Parce que l’école est un moule. Elle forme et formate le citoyen pour la vie. Il lui revient, en effet, de transmettre les valeurs d’une société, de dispenser les éléments du savoir universel. Il lui revient de construire une conscience d’être, fondée sur le discernement. Faut-il le préciser, le discernement, c’est la capacité mentale, la disposition de l’esprit à juger clairement et sainement les choses.

C’est parce que l’école reste le lieu témoin de ce processus d’apprentissage et d’édification humaine que nous voulons appeler à la sacralisation de l’espace matériel et physique de toutes nos écoles, sur toute l’étendue du territoire national.
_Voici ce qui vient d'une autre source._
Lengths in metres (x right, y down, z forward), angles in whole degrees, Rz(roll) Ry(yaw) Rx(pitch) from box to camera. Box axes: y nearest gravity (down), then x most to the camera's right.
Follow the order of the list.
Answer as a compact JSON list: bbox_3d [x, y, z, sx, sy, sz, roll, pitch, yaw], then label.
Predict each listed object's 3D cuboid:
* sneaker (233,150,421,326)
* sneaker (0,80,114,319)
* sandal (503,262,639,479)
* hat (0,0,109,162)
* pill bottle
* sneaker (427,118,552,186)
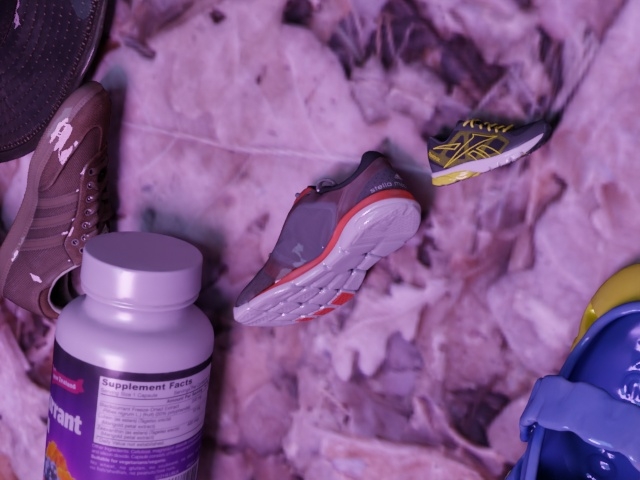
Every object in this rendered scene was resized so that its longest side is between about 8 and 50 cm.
[{"bbox_3d":[0.000,0.000,0.837,0.158,0.061,0.065,-38,56,30],"label":"sneaker"},{"bbox_3d":[-0.172,-0.025,0.921,0.071,0.066,0.188,30,121,1],"label":"sneaker"},{"bbox_3d":[0.141,0.168,0.745,0.126,0.138,0.317,21,113,21],"label":"sandal"},{"bbox_3d":[-0.307,-0.203,0.902,0.331,0.134,0.331,7,105,27],"label":"hat"},{"bbox_3d":[-0.130,0.097,0.892,0.108,0.108,0.193,17,110,24],"label":"pill bottle"},{"bbox_3d":[0.097,-0.058,0.772,0.083,0.031,0.035,-21,91,31],"label":"sneaker"}]

Cela signifie, en clair, que tout ce qui s’appelle école chez nous, ou qui s’honore de l’être, doit rigoureusement répondre à des normes et à des spécifications précises.

Des écoles dans les bas-fonds qui font cohabiter les élèves et les crapauds, des bicoques crasseuses qui menacent ruine, tenant lieu de salles de classes… tout cela revient à insulter l’esprit. Exactement comme des lieux de culte implantés dans des environnements malsains, spirituellement insalubres, sont une insulte faite à Dieu. La sacralisation de l’espace de l’école doit devenir notre nouveau credo pour que tout lieu où se transmet le savoir, où se forme la conscience citoyenne de nos compatriotes, soit entouré du plus grand respect. Autant les marchands n’ont pas leur place dans la maison de Dieu, autant l’école doit cesser d’être un espace banal ouvert à toutes les banalités.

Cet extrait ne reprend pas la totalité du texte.